Но это еще не все. Внешне по-прежнему дружеские, отношения между приказчиком и атаманом переменились. Иннокентий не был бы Гузнищевским, когда бы, даже ради старой дружбы, удовольствовался отводимой ему Крестом ролью вечного мстителя. Посвящать жизнь борьбе с Российско-Американской компанией, которая год от года набирала сил, он не собирался. Будущее виделось Гузнищевскому иным. Еще при Горновском он начал помаленьку собирать деньги в собственную кассу. А после того как комиссионер был отозван в Охотск, и вовсе стал забираться в карман компании, как в свой собственный. Да и в расчетах с Крестом о себе не забывал. Так и сложился капиталец, который дал бы Иннокентию возможность прожить остатние дни, себе ни в чем не отказывая. Но не напрасно говорят, что счастье — это кусок мяса, который увидела в воде собака, плывущая через реку с куском мяса в зубах. Иннокентий уже почувствовал запах богатства, тот самый, который один позволяет ощутить, что ты — хозяин судьбы.

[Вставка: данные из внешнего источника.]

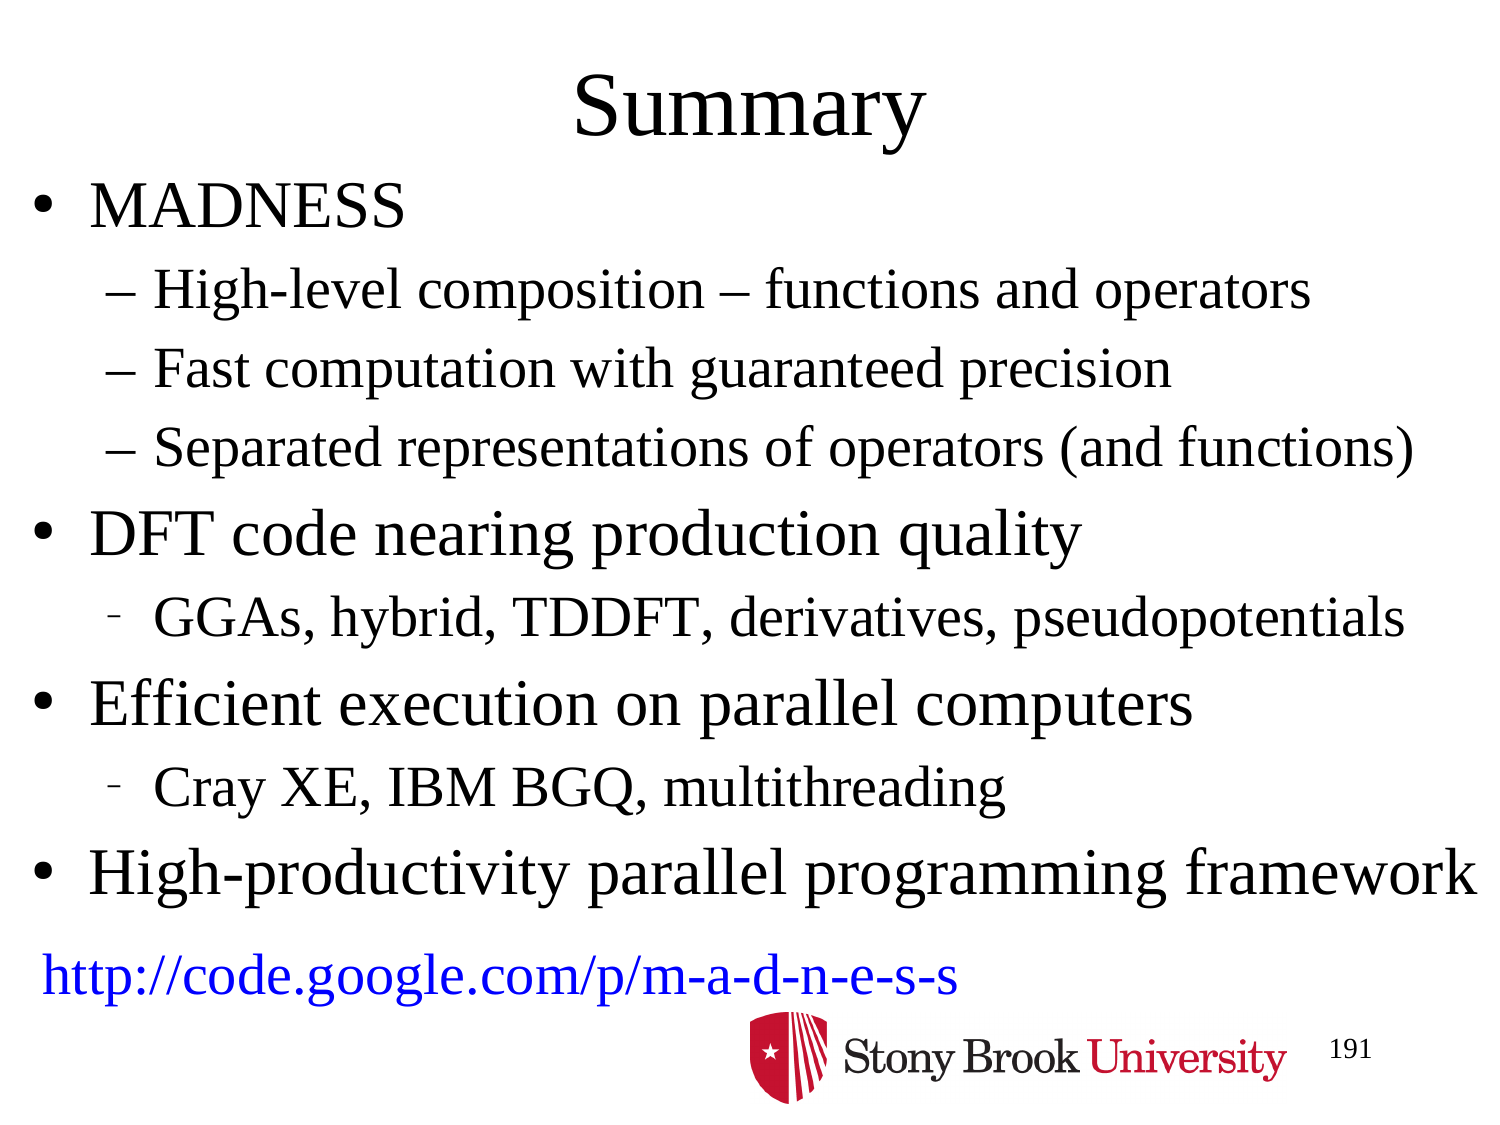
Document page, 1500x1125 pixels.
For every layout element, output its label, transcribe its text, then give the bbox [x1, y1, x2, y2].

Не в силах остановиться, уверовав во всемогущество злата, Иннокентий начал допускать промахи. Конечно, никто сам себе не судья. Но как иначе назвать случай с этим желторотым Хлебниковым, сменившим Горновского. Признаться, приказчик, до самого прибытия Кирилла, рассчитывал, что правление учтет положительную рекомендацию, данную Гузнищевскому бывшим комиссионером, и назначит на открытую вакансию его. Что же касается Хлебникова и проведенной им ревизии, то и тут Иннокентий ошибся: никак не ожидал от бесхитростного на вид парня такой прыти и сообразительности. Надеялся до той поры, пока новый комиссионер освоится, все бразды сохранить в своих руках. А значит, и концы незаконных сделок в воду упрятать. Самой серьезной промашкой оказался его последний разговор с Хлебниковым… Затевая его, приказчик рассчитывал: не устоит новичок перед соблазном, денежки и не таких с панталыку сбивали!.. Ан нет, не поддался комиссионер новоиспеченный, не дрогнул. Еще и в драку полез. Теперь, как ни крути, обратного хода ему, Гузнищевскому, нет. Разве что…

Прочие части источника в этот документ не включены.